A Global Warming Potential model with improved support for short-lived climate pollutions (SLCPs).

Why an improved version

The Global Warming Potential (GWP) is a commonly used, simple model to "normalize" the warming impact of different climate pollutants to $CO_2$ equivalents. This approach works well for long-lived climate pollutants (LLCPs) but fails for short-lived climate pollutants (SLCPs). The improved version IGWP accounts much better for impacts of SLCPs.

Scientific background

This project:

The maths

$$IGWP = GWP_H * (r * \frac{\Delta E_{SLCP}}{\Delta t} * H + s * E_{SLCP})$$

with:

  • $IGWP$ - Improved Global Warming Potential
  • $GWP_H$ - Global Warming Potential for period $H$ (e.g. $GWP_{100}$ for 100 years)
  • $H$ time-horizon (commonly 100 years)
  • $r$ - flow term faction, found to be 0.75 with linear regression
  • $s$ - stock term fraction, found to be 0.25 with linear regression, condition: $r + s = 1$
  • $\Delta E_{SLCP}$ - change of rate of short-lived climate pollutant
  • ${\Delta t}$ - time difference for $\Delta E_{SLCP}$, typical value: 20 years
  • $E_{SLCP}$ emission short-lived climate pollutant for investigated year

Install

pip install igwp

Plot all results

This plots shows the differences between GWP, GWP*, and IGWP.

from igwp.core import get_emission_data_paths, make_gwps_improved
from igwp.plotting import plot_all

rcp_scenarios = get_emission_data_paths()

plot_all(rcp_scenarios, make_df=make_gwps_improved)
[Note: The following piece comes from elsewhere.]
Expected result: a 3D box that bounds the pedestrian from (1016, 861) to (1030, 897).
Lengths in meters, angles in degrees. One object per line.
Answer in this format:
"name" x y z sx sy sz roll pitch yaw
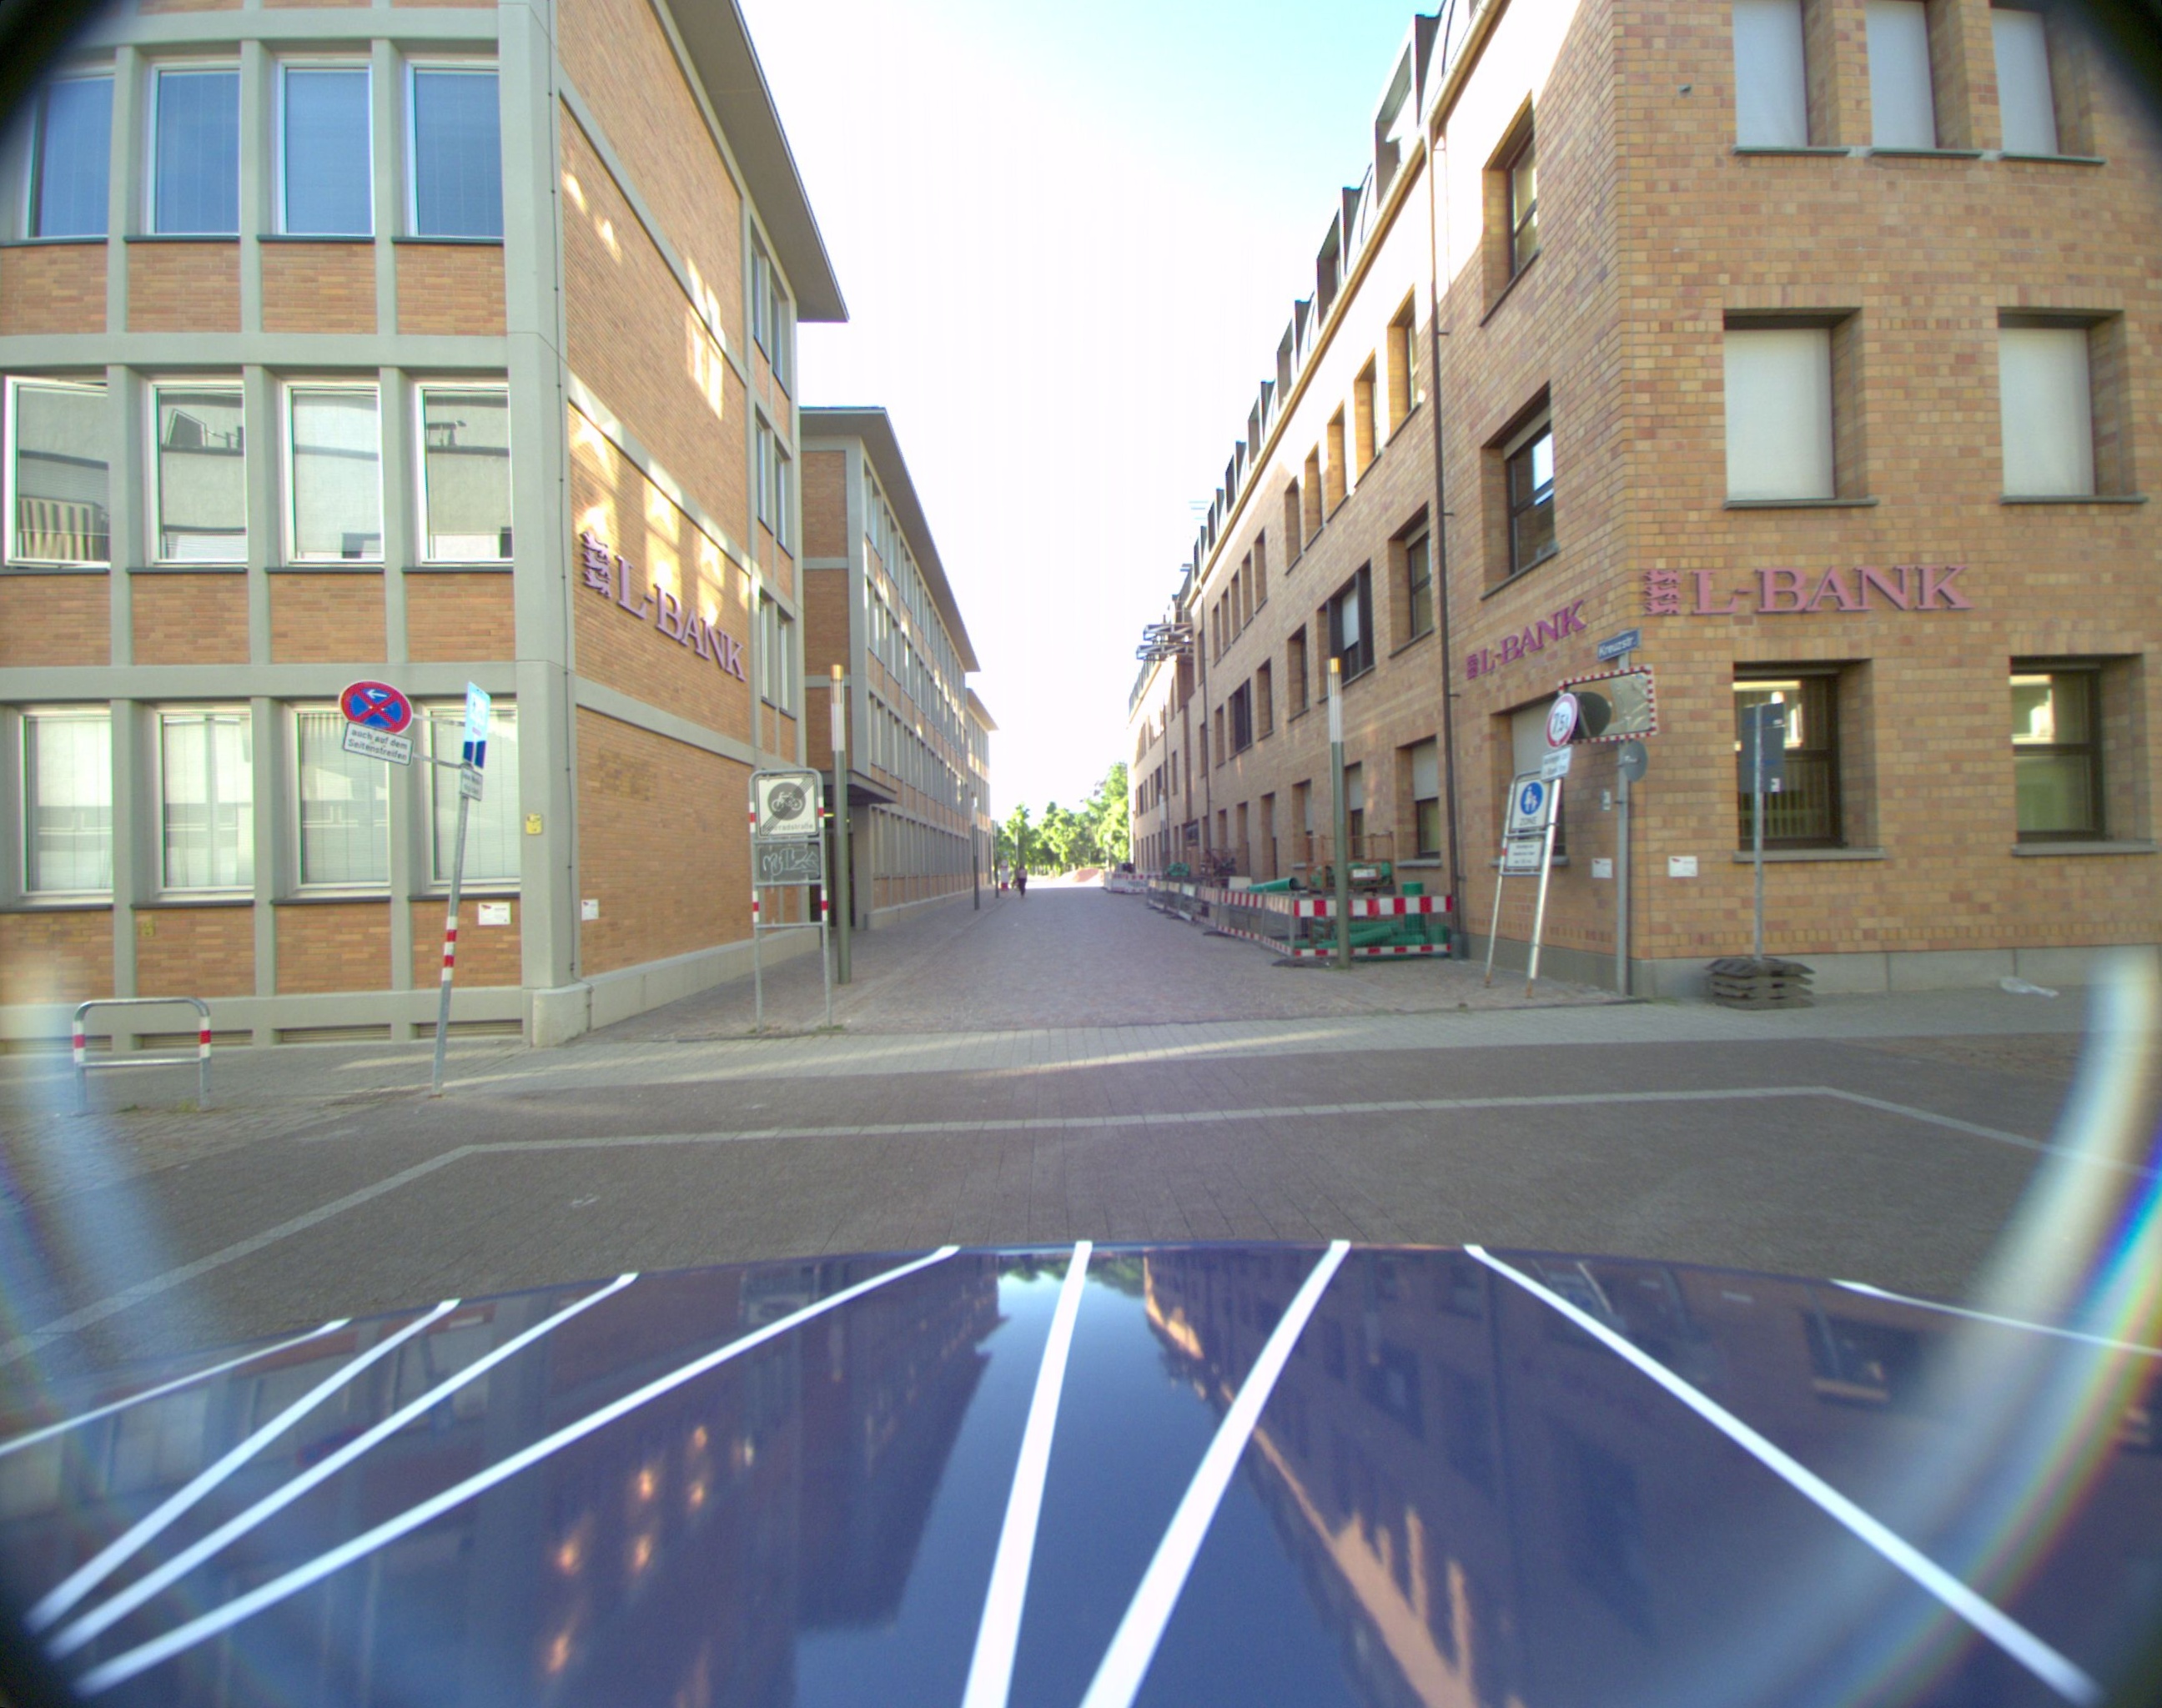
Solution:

This plot reproduces the Fig.1 in the paper descriobung IGWP (although with this name, https://www.nature.com/articles/s41612-019-0086-4).

Show some values

The results for the emissions based on GWP, GWP*, and IGWP for scenario RCP 2.6 for the years 2000 through 2020:

from igwp.core import make_gwps_improved

paths = get_emission_data_paths()

df26 = make_gwps_improved(file_name=paths['RCP 2.6'])
df26.loc[2000:2020]
$CH_4$ GWP $CH_4$ GWP* $CH_4$ IGWP
Years
2000 8.405793 -0.896435 1.429122
2001 8.495458 -0.924463 1.430517
2002 8.584206 -0.957068 1.428251
2003 8.672059 -0.994154 1.422399
2004 8.759072 -1.035440 1.413188
2005 8.845276 -1.080772 1.400740
2006 8.961719 -0.974904 1.509252
2007 9.077956 -0.870071 1.616936
2008 9.193784 -0.767278 1.722987
2009 9.309613 -0.664485 1.829040
2010 9.425441 -0.561693 1.935091
2011 9.201847 -1.113669 1.465210
2012 8.978253 -1.665646 0.995329
2013 8.754659 -2.217622 0.525448
2014 8.531065 -2.769599 0.055567
2015 8.307471 -3.321576 -0.414314
2016 8.083877 -3.873554 -0.884196
2017 7.860283 -4.425530 -1.354077
2018 7.636689 -4.977507 -1.823958
2019 7.413095 -5.529483 -2.293839
2020 7.189501 -6.081460 -2.763720

Add emissions for some years and see effects

Let's assume very strong increases of $CH_4$ emissions for the years 2005 through 2007 and see what impact ths has on the three different models. (Units of additional emssions are Gt $CH_4$ / yr).

import pandas as pd 

additional_emssions = pd.Series([0.1, 0.5, 0.2], index=[2005, 2006, 2007])
additional_emssions.name = 'CH_4 [Gt/yr]'
additional_emssions.index.name = 'Year'
additional_emssions
Year
2005    0.1
2006    0.5
2007    0.2
Name: CH_4 [Gt/yr], dtype: float64
df26 = make_gwps_improved(file_name=paths['RCP 2.6'], additional_emssions=additional_emssions)
df26.loc[2000:2010]
$CH_4$ GWP $CH_4$ GWP* $CH_4$ IGWP
Years
2000 8.405793 -0.896435 1.429122
2001 8.495458 -0.924463 1.430517
2002 8.584206 -0.957068 1.428251
2003 8.672059 -0.994154 1.422399
2004 8.759072 -1.035440 1.413188
2005 11.645276 12.919228 12.600740
2006 22.961719 69.025096 57.509252
2007 14.677956 27.129929 24.016936
2008 9.193784 -0.767278 1.722987
2009 9.309613 -0.664485 1.829040
2010 9.425441 -0.561693 1.935091

Notice the different impacts of this $CH_4$ "flush" on these GWP models.